Assuming that the points given on the graph are points that the curve passes through, the curve can be modeled as a quadratic with a limited domain. Please note that as the x-intercept has not been defined on the graph, I am not including this in this first method.
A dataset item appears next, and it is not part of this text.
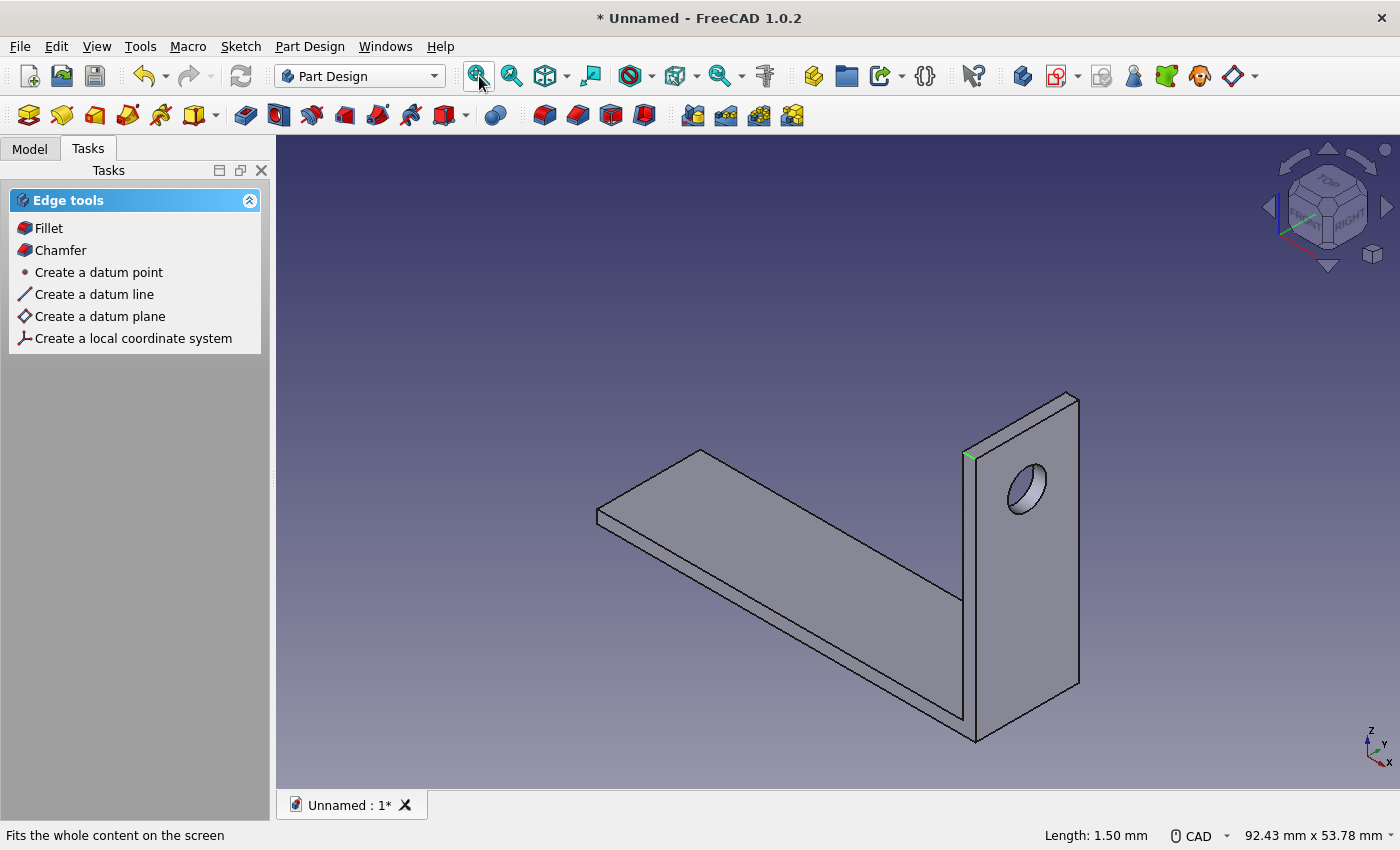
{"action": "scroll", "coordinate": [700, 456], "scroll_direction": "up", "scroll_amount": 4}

Standard form of a quadratic equation:

`y=ax^2+bx+c`

Given points:

• (-4, 2)
• (-1, 4)
• (4, 6)

Substitute the given points into the equation to create 3 equations:

Equation 1 (-4, 2)

`\implies a(-4)^2+b(-4)+c=2`

`\implies 16a-4b+c=2`

Equation 2 (-1, 4)

`\implies a(-1)^2+b(-1)+c=4`

`\implies a-b+c=4`

Equation 3 (4, 6)

`\implies a(4)^2+b(4)+c=6`

`\implies 16a+4b+c=6`

Subtract Equation 1 from Equation 3 to eliminate variables a and c:

`\implies (16a+4b+c)-(16a-4b+c)=6-2`

`\implies 8b=4`

`\implies b=(4)/(8)`

`\implies b=(1)/(2)`

Subtract Equation 2 from Equation 3 to eliminate variable c:

`\implies (16a+4b+c)-(a-b+c)=6-4`

`\implies 15a+5b=2`

`\implies 15a=2-5b`

`\implies a=(2-5b)/(15)`

Substitute found value of b into the expression for a and solve for a:

`\implies a=(2-5((1)/(2)))/(15)`

`\implies a=-(1)/(30)`

Substitute found values of a and b into Equation 2 and solve for c:

`\implies a-b+c=4`

`\implies -(1)/(30)-(1)/(2)+c=4`

`\implies c=(68)/(15)`

Therefore, the equation of the graph is:

`y=-(1)/(30)x^2+(1)/(2)x+(68)/(15)`

`\textsf{with the restricted domain}: \quad x \geq (15-√(769))/(2)`

Method 2 - modelling as a square root function

Assuming that the points given on the graph are points that the curve passes through, and the x-intercept should be included, we can model this curve as a square root function.

Given points:

• (-4, 2)
• (-1, 4)
• (4, 6)
• (0, -5)

The parent function is:

`y=√(x)`

Translated 5 units left so that the x-intercept is (0, -5):

`\implies y=√(x+5)`

The curve is stretched vertically, so:

`\implies y=a√(x+5) \quad \textsf{(where a is some constant)}`

To find a, substitute the coordinates of the given points:

`\implies a√(-4+5)=2`

`\implies a=2`

`\implies a√(-1+5)=4`

`\implies 2a=4`

`\implies a=2`

`\implies a√(4+5)=6`

`\implies 3a=6`

`\implies a=2`

As the value of a is the same for all points, the equation of the line is:

`y=2√(x+5)`

Question 2

Vertex form of an absolute value function

`f(x)=a|x-h|+k`

where:

• (h, k) is the vertex
• a is some constant

From inspection of the given graph:

• vertex = (-1, 5)
• point on graph = (0, 4)

Substitute the given values into the function and solve for a:

`\implies a|0-(-1)|+5=4`

`\implies a+5=4`

`\implies a=-1`

Substituting the given vertex and the found value of a into the function, the equation of the graph is:

`y=-|x+1|+5`